Forex Risk Tool

Forex Position Size Calculator

Find the exact lot size that keeps every trade inside your planned risk. Set your balance, risk percent, and stop-loss, and get the position size in seconds.

$10,000

The total capital in your trading account.

1.0%

How much of your balance you're willing to lose on this trade.

20 pips

Distance from entry to your stop, measured in pips.

$10.00

Value of one pip per standard lot ($10 for most USD-quoted pairs).

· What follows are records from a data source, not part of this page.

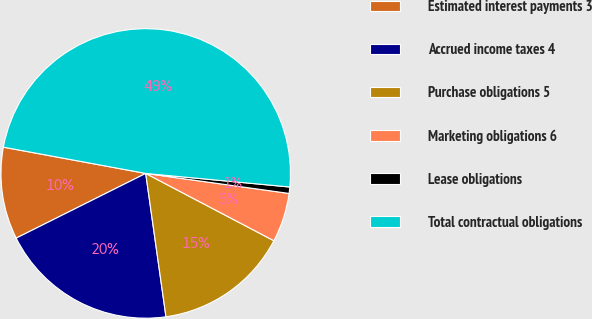Convert chart to OTSL. <chart><loc_0><loc_0><loc_500><loc_500><pie_chart><fcel>Estimated interest payments 3<fcel>Accrued income taxes 4<fcel>Purchase obligations 5<fcel>Marketing obligations 6<fcel>Lease obligations<fcel>Total contractual obligations<nl><fcel>10.28%<fcel>19.86%<fcel>15.07%<fcel>5.49%<fcel>0.71%<fcel>48.59%<nl></chart> 
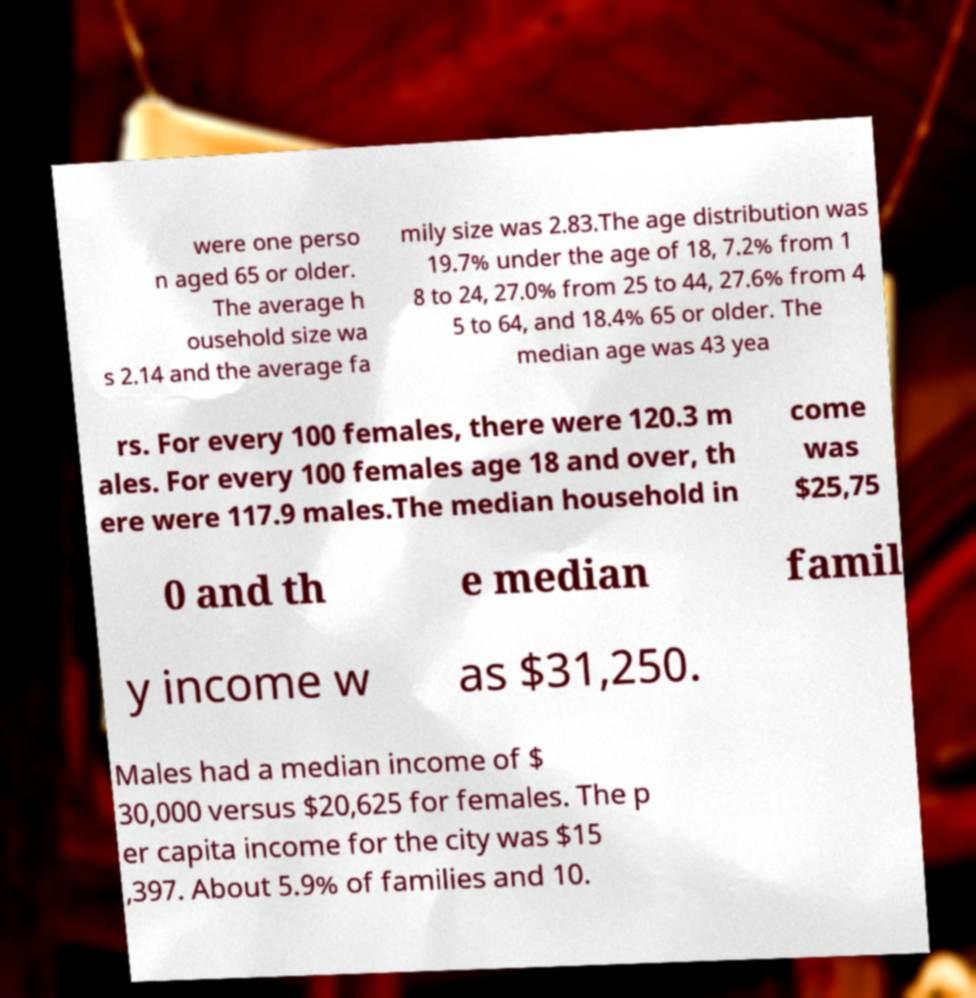Could you assist in decoding the text presented in this image and type it out clearly? were one perso n aged 65 or older. The average h ousehold size wa s 2.14 and the average fa mily size was 2.83.The age distribution was 19.7% under the age of 18, 7.2% from 1 8 to 24, 27.0% from 25 to 44, 27.6% from 4 5 to 64, and 18.4% 65 or older. The median age was 43 yea rs. For every 100 females, there were 120.3 m ales. For every 100 females age 18 and over, th ere were 117.9 males.The median household in come was $25,75 0 and th e median famil y income w as $31,250. Males had a median income of $ 30,000 versus $20,625 for females. The p er capita income for the city was $15 ,397. About 5.9% of families and 10. 
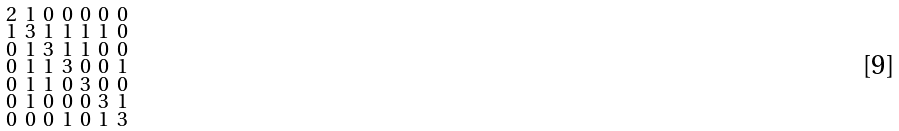Convert formula to latex. <formula><loc_0><loc_0><loc_500><loc_500>\begin{smallmatrix} 2 & 1 & 0 & 0 & 0 & 0 & 0 \\ 1 & 3 & 1 & 1 & 1 & 1 & 0 \\ 0 & 1 & 3 & 1 & 1 & 0 & 0 \\ 0 & 1 & 1 & 3 & 0 & 0 & 1 \\ 0 & 1 & 1 & 0 & 3 & 0 & 0 \\ 0 & 1 & 0 & 0 & 0 & 3 & 1 \\ 0 & 0 & 0 & 1 & 0 & 1 & 3 \end{smallmatrix}</formula> 
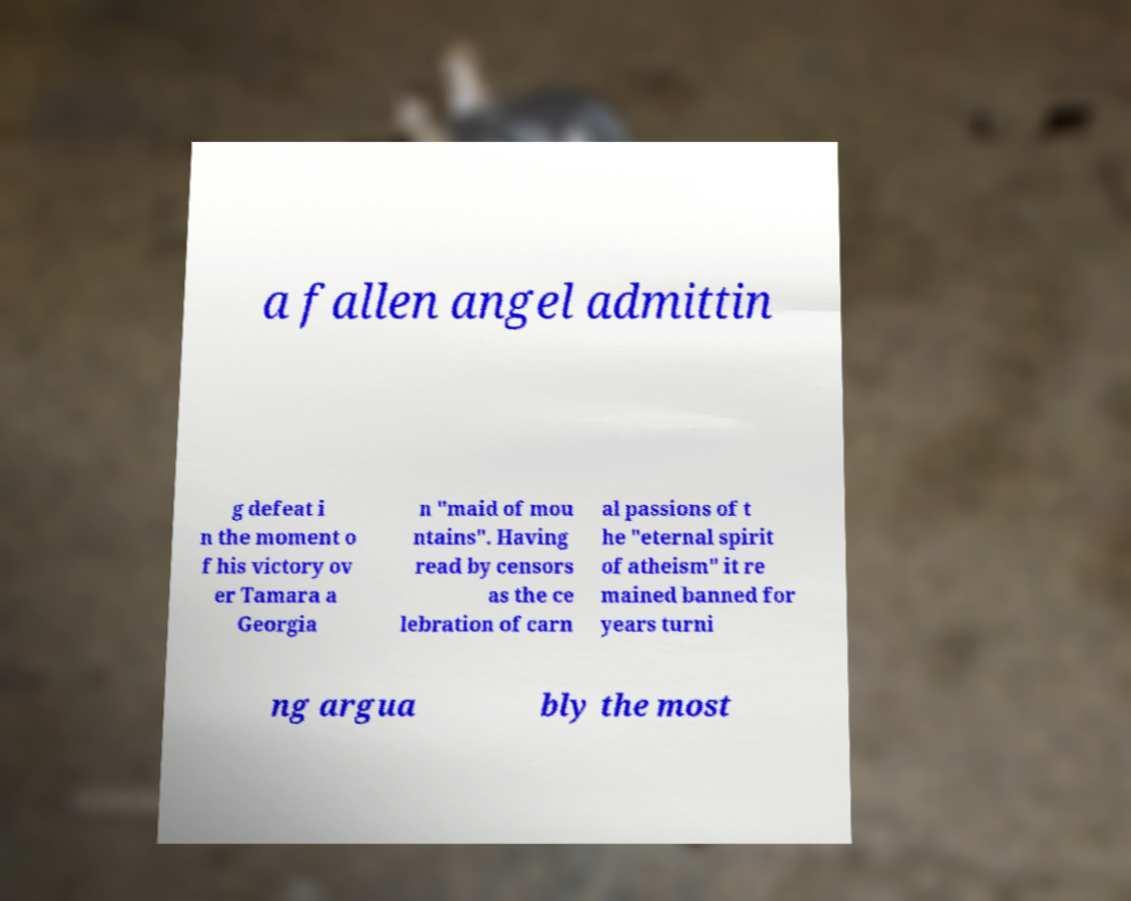I need the written content from this picture converted into text. Can you do that? a fallen angel admittin g defeat i n the moment o f his victory ov er Tamara a Georgia n "maid of mou ntains". Having read by censors as the ce lebration of carn al passions of t he "eternal spirit of atheism" it re mained banned for years turni ng argua bly the most 
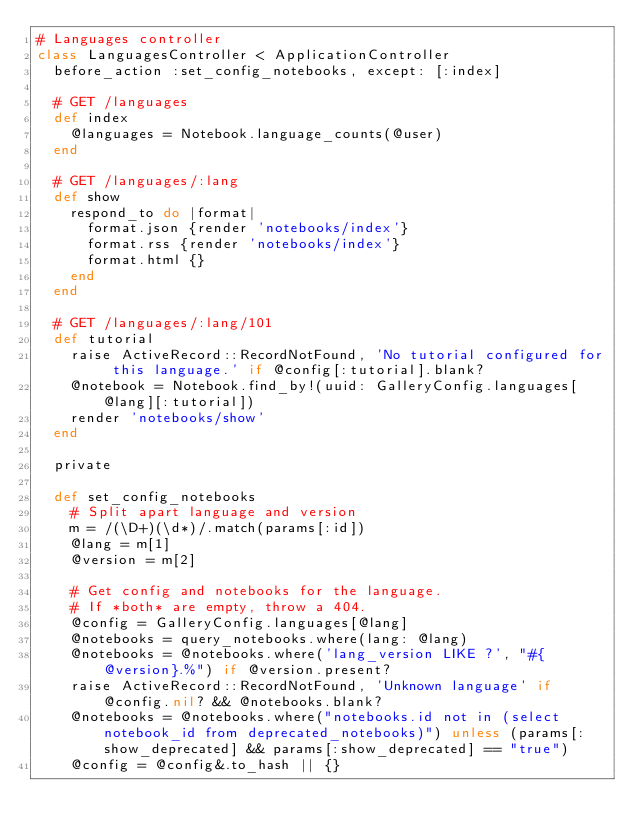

Recommended Position Size 0.50 lots

Risking $100.00 on a 20-pip stop sizes your trade at 0.50 standard lots.

Risk Amount$100.00
Units50,000
Mini Lots5.00

For educational purposes only. Read our risk warning before trading.

The Math

How Position Size Is Calculated

First, work out the cash you're risking: balance times your risk percent. Then divide that by the cost of your stop-loss, which is the stop distance in pips multiplied by the pip value of one standard lot. The result is your lot size.

Quick Reference

Pip Value Per Standard Lot

Pair TypeExample PairsPip Value / Standard Lot
USD-quoted majorsEUR/USD, GBP/USD, AUD/USD$10.00
JPY pairsUSD/JPY, EUR/JPY~$6.50–$7.00
USD as baseUSD/CHF, USD/CAD~$7.50–$10.00
Cross pairsEUR/GBP, GBP/JPYVaries by quote rate

Frequently Asked Questions

What is a good risk per trade?

Many traders cap risk at 1–2% of their balance per trade. Keeping it small means a string of losses won't significantly damage your account, giving your strategy room to play out over many trades.

What pip value should I enter?

For most USD-quoted pairs like EUR/USD, one pip is worth about $10 per standard lot. JPY and cross pairs differ, so check your broker's contract specs and enter that exact figure for accurate sizing.

What's the difference in lot sizes?

A standard lot is 100,000 units, a mini lot is 10,000 (0.1 lots), and a micro lot is 1,000 (0.01 lots). This tool shows both standard lots and units so you can place the order in your platform's format.

Why size by stop-loss distance?

A wider stop needs a smaller position to keep the same cash risk, and a tighter stop allows a larger one. Sizing from the stop keeps your dollar risk consistent no matter how far away your stop sits.